**WORK INSTRUCTIONS**
Use the entries below and reproduce exactly the lines from the one containing "- alphabet tiles (493,34,624,271)" down to the one containing "- toy train (599,148,691,210)", both of them included.

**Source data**
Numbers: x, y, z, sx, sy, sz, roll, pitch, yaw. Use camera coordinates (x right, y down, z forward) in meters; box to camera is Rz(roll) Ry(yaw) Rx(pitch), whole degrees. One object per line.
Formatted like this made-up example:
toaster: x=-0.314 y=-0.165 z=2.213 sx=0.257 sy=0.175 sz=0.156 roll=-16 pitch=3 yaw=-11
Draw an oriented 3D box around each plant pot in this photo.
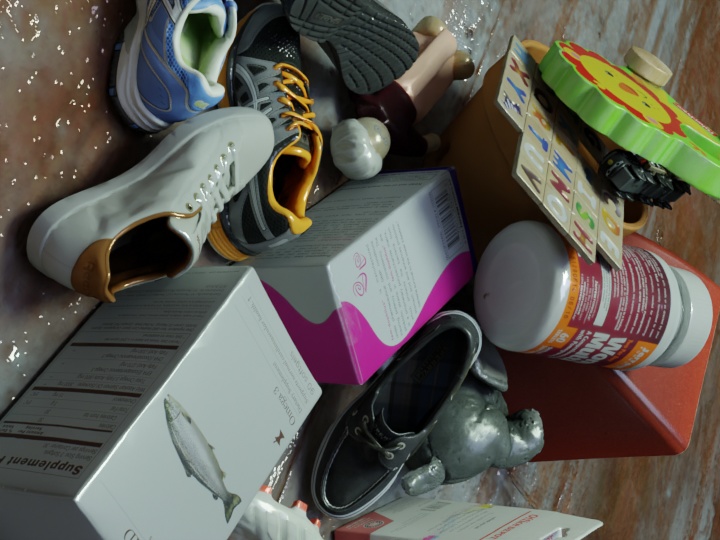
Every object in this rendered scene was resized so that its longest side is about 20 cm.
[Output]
plant pot: x=0.219 y=0.058 z=1.218 sx=0.176 sy=0.199 sz=0.201 roll=44 pitch=54 yaw=-30
plant pot: x=0.153 y=-0.091 z=1.123 sx=0.200 sy=0.140 sz=0.201 roll=35 pitch=37 yaw=-31

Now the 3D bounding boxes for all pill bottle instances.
pill bottle: x=0.203 y=0.027 z=1.039 sx=0.199 sy=0.109 sz=0.110 roll=12 pitch=78 yaw=-33

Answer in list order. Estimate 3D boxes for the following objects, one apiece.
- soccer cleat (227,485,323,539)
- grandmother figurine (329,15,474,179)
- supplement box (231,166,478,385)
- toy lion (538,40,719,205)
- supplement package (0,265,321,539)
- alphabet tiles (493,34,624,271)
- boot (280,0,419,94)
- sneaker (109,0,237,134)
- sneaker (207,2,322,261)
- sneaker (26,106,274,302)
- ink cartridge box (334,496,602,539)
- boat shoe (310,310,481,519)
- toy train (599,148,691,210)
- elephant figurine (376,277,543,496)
soccer cleat: x=-0.058 y=0.225 z=0.914 sx=0.200 sy=0.069 sz=0.078 roll=51 pitch=52 yaw=-44
grandmother figurine: x=0.030 y=-0.149 z=1.058 sx=0.121 sy=0.061 sz=0.200 roll=42 pitch=48 yaw=-10
supplement box: x=0.000 y=0.000 z=0.973 sx=0.200 sy=0.103 sz=0.102 roll=-40 pitch=121 yaw=-50
toy lion: x=0.253 y=-0.131 z=1.059 sx=0.069 sy=0.200 sz=0.191 roll=-55 pitch=160 yaw=25
supplement package: x=-0.134 y=0.104 z=0.765 sx=0.200 sy=0.117 sz=0.117 roll=-56 pitch=132 yaw=-39
alphabet tiles: x=0.167 y=-0.094 z=0.999 sx=0.167 sy=0.008 sz=0.200 roll=47 pitch=31 yaw=-18
boot: x=-0.028 y=-0.226 z=0.947 sx=0.132 sy=0.070 sz=0.200 roll=59 pitch=9 yaw=23
sneaker: x=-0.116 y=-0.194 z=0.839 sx=0.076 sy=0.077 sz=0.201 roll=16 pitch=74 yaw=-51
sneaker: x=-0.063 y=-0.106 z=0.911 sx=0.078 sy=0.077 sz=0.201 roll=17 pitch=73 yaw=-51
sneaker: x=-0.114 y=-0.038 z=0.796 sx=0.200 sy=0.084 sz=0.073 roll=-39 pitch=145 yaw=-34
ink cartridge box: x=0.092 y=0.242 z=1.007 sx=0.116 sy=0.199 sz=0.068 roll=-10 pitch=96 yaw=-54
boat shoe: x=0.028 y=0.118 z=0.963 sx=0.200 sy=0.070 sz=0.066 roll=-49 pitch=177 yaw=3
toy train: x=0.256 y=-0.083 z=1.085 sx=0.046 sy=0.034 sz=0.200 roll=55 pitch=23 yaw=18
elephant figurine: x=0.076 y=0.082 z=1.077 sx=0.155 sy=0.141 sz=0.201 roll=153 pitch=-73 yaw=-81

**TASK SOLUTION**
- alphabet tiles (493,34,624,271)
- boot (280,0,419,94)
- sneaker (109,0,237,134)
- sneaker (207,2,322,261)
- sneaker (26,106,274,302)
- ink cartridge box (334,496,602,539)
- boat shoe (310,310,481,519)
- toy train (599,148,691,210)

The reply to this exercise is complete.